:: Work request ::
Every entry below is to be copied exactly as written.

:: Records from a collection ::
--

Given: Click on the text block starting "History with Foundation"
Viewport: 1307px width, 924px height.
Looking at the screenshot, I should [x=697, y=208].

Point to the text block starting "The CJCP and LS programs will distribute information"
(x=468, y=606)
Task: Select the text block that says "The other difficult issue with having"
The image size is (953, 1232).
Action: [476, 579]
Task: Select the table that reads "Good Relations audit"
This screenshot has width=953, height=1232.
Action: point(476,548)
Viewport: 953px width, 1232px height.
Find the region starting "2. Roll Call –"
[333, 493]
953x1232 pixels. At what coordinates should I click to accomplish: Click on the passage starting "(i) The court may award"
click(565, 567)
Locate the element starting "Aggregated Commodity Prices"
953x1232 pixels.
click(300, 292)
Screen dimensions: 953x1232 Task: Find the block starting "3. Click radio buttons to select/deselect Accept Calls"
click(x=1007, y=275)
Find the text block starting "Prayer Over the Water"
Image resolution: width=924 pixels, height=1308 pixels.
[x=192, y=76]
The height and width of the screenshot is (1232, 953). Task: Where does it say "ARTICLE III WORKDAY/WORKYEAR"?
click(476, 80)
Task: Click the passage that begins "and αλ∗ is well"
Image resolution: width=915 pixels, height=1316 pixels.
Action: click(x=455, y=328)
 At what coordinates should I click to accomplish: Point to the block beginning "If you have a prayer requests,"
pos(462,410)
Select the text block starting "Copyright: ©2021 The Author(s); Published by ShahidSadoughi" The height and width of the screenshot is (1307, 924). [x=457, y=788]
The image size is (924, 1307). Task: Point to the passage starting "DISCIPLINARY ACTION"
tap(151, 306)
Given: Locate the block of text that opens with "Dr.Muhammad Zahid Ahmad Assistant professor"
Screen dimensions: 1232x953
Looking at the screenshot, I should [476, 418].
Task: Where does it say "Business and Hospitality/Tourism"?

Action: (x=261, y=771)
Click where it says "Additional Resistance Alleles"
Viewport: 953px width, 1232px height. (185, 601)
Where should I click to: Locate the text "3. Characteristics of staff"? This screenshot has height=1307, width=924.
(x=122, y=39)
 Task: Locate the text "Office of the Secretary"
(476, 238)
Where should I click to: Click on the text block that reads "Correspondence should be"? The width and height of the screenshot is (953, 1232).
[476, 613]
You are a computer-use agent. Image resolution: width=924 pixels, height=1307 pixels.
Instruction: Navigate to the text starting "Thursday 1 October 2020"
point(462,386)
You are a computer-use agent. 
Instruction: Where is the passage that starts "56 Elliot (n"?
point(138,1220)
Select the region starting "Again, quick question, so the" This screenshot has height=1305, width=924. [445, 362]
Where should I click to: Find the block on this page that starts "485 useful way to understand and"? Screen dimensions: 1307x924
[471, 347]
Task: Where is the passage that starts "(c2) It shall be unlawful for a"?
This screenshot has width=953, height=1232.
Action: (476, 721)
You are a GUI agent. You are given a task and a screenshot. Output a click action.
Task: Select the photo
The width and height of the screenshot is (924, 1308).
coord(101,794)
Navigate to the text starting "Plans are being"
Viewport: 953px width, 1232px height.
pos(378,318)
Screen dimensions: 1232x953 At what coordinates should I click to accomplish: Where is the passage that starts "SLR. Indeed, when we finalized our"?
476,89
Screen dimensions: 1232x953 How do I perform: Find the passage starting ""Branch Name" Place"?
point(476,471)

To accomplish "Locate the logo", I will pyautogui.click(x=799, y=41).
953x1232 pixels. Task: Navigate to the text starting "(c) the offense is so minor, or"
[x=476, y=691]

--

:: Written answer ::
Given: Click on the text block starting "History with Foundation"
Viewport: 1307px width, 924px height.
Looking at the screenshot, I should [x=697, y=208].

Point to the text block starting "The CJCP and LS programs will distribute information"
(x=468, y=606)
Task: Select the text block that says "The other difficult issue with having"
The image size is (953, 1232).
Action: [476, 579]
Task: Select the table that reads "Good Relations audit"
This screenshot has width=953, height=1232.
Action: point(476,548)
Viewport: 953px width, 1232px height.
Find the region starting "2. Roll Call –"
[333, 493]
953x1232 pixels. At what coordinates should I click to accomplish: Click on the passage starting "(i) The court may award"
click(565, 567)
Locate the element starting "Aggregated Commodity Prices"
953x1232 pixels.
click(300, 292)
Screen dimensions: 953x1232 Task: Find the block starting "3. Click radio buttons to select/deselect Accept Calls"
click(x=1007, y=275)
Find the text block starting "Prayer Over the Water"
Image resolution: width=924 pixels, height=1308 pixels.
[x=192, y=76]
The height and width of the screenshot is (1232, 953). Task: Where does it say "ARTICLE III WORKDAY/WORKYEAR"?
click(476, 80)
Task: Click the passage that begins "and αλ∗ is well"
Image resolution: width=915 pixels, height=1316 pixels.
Action: click(x=455, y=328)
 At what coordinates should I click to accomplish: Point to the block beginning "If you have a prayer requests,"
pos(462,410)
Select the text block starting "Copyright: ©2021 The Author(s); Published by ShahidSadoughi" The height and width of the screenshot is (1307, 924). [x=457, y=788]
The image size is (924, 1307). Task: Point to the passage starting "DISCIPLINARY ACTION"
tap(151, 306)
Given: Locate the block of text that opens with "Dr.Muhammad Zahid Ahmad Assistant professor"
Screen dimensions: 1232x953
Looking at the screenshot, I should [476, 418].
Task: Where does it say "Business and Hospitality/Tourism"?

Action: (x=261, y=771)
Click where it says "Additional Resistance Alleles"
Viewport: 953px width, 1232px height. (185, 601)
Where should I click to: Locate the text "3. Characteristics of staff"? This screenshot has height=1307, width=924.
(x=122, y=39)
 Task: Locate the text "Office of the Secretary"
(476, 238)
Where should I click to: Click on the text block that reads "Correspondence should be"? The width and height of the screenshot is (953, 1232).
[476, 613]
You are a computer-use agent. Image resolution: width=924 pixels, height=1307 pixels.
Instruction: Navigate to the text starting "Thursday 1 October 2020"
point(462,386)
You are a computer-use agent. 
Instruction: Where is the passage that starts "56 Elliot (n"?
point(138,1220)
Select the region starting "Again, quick question, so the" This screenshot has height=1305, width=924. [445, 362]
Where should I click to: Find the block on this page that starts "485 useful way to understand and"? Screen dimensions: 1307x924
[471, 347]
Task: Where is the passage that starts "(c2) It shall be unlawful for a"?
This screenshot has width=953, height=1232.
Action: (476, 721)
You are a GUI agent. You are given a task and a screenshot. Output a click action.
Task: Select the photo
The width and height of the screenshot is (924, 1308).
coord(101,794)
Navigate to the text starting "Plans are being"
Viewport: 953px width, 1232px height.
pos(378,318)
Screen dimensions: 1232x953 At what coordinates should I click to accomplish: Where is the passage that starts "SLR. Indeed, when we finalized our"?
476,89
Screen dimensions: 1232x953 How do I perform: Find the passage starting ""Branch Name" Place"?
point(476,471)

To accomplish "Locate the logo", I will pyautogui.click(x=799, y=41).
953x1232 pixels. Task: Navigate to the text starting "(c) the offense is so minor, or"
[x=476, y=691]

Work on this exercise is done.